Mendapati papanya datang ke rumah wanita lain dan bersikap layaknya seorang laki-laki yang sedang mencintai, membuat Alya berang dan melabrak perempuan yang dianggap akan merusak keutuhan keluarganya. Namun, siapa sangka, Alya justru mendapat sebuah kejutan yang membuat hatinya hancur. Siapa sebenarnya wanita itu?
View MorePOV ALYA
"Al, itu Papa kamu kan?" tanya Audi ketika kami baru saja akan naik motor setelah nongkrong di cafe langganan sejak masa kuliah.
Aku spontan menoleh ke arah yang ditunjuk oleh Audi. Seorang pria yang sangat familier baru saja keluar dari sebuah toko kue ternama. Dia membawa kotak kue dan berjalan menuju mobilnya. Benar saja, itu cinta pertamaku.
"Iya, itu Papa," ujarku senang. Aku langsung berseru memanggilnya, "Pa! Papa!"
Namun, Papa sudah masuk ke dalam mobil dan mobilnya mulai bergerak. Papa sepertinya tidak mendengar panggilanku. Aku menghela napas kecewa, padahal aku sudah berteriak memanggilnya, sampai urat leherku terasa tegang.
"Yaah .…"
Audi menatapku sekilas sebelum menyerahkan helm padaku. "Ya udahlah, sama aku aja. Kan kita satu tujuan," katanya.
Aku ragu sejenak sebelum akhirnya menerima helm dan naik ke boncengan.
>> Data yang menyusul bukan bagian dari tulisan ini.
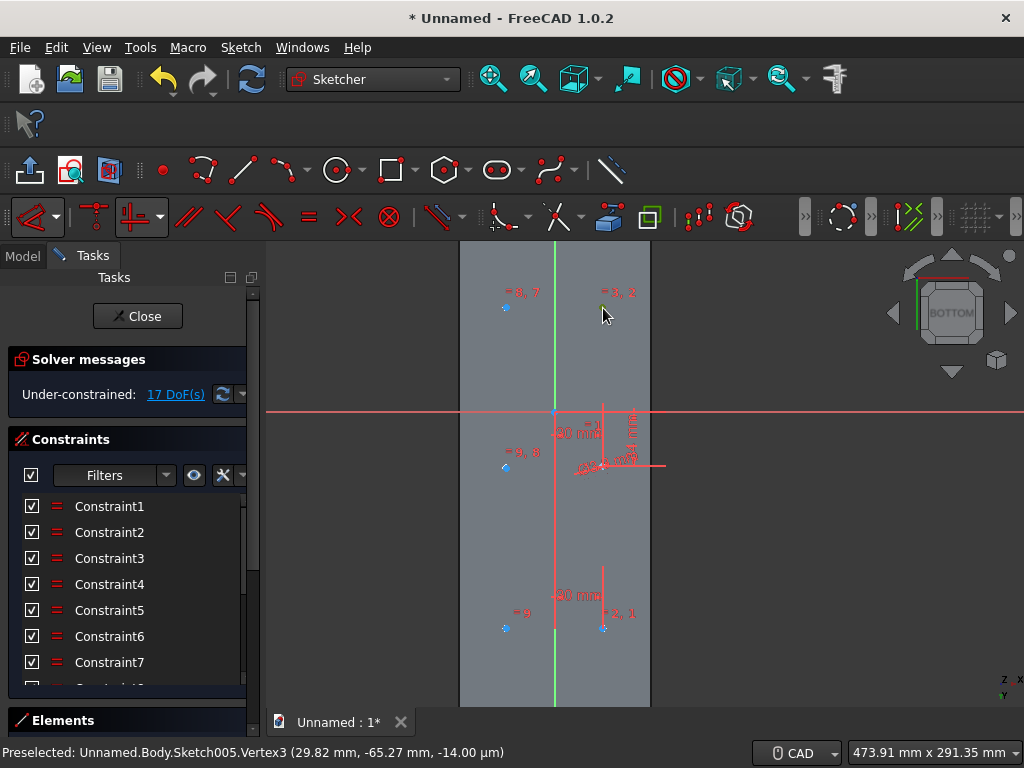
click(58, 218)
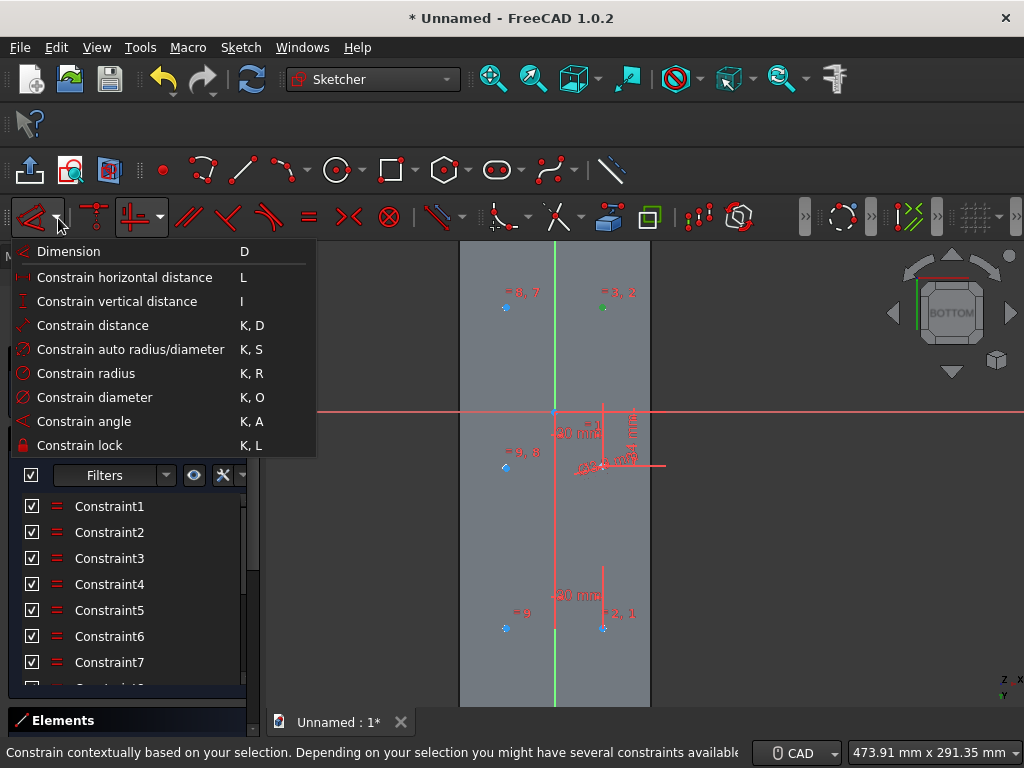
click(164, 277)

"Rumah kamu kan lebih dekat. Kalau aku sama Papa, kamu nggak perlu nganter aku dulu," ujarku. Harusnya tadi aku bawa mobil aja, atau motif sendiri.
Audi hanya terkekeh sambil menyalakan motor. "Kan aku yang ajak kamu jalan tadi. Ya aku harus tanggung jawab nganterin kamu pulang. Lagian, kita bisa aja ketemu Papa kamu di jalan kalau kita cari jalan pintas. Kan tujuannya sama. Papa kamu pasti mau pulang juga."
Aku mengangguk kecil, lalu membiarkan Audi melajukan motornya. Sepanjang perjalanan, kami mengobrol santai, menikmati angin yang berhembus. Aku merasa lebih baik meskipun tadi sempat kecewa. Namun, ketika kami hampir sampai di daerah rumahku, Audi tiba-tiba menunjuk ke depan.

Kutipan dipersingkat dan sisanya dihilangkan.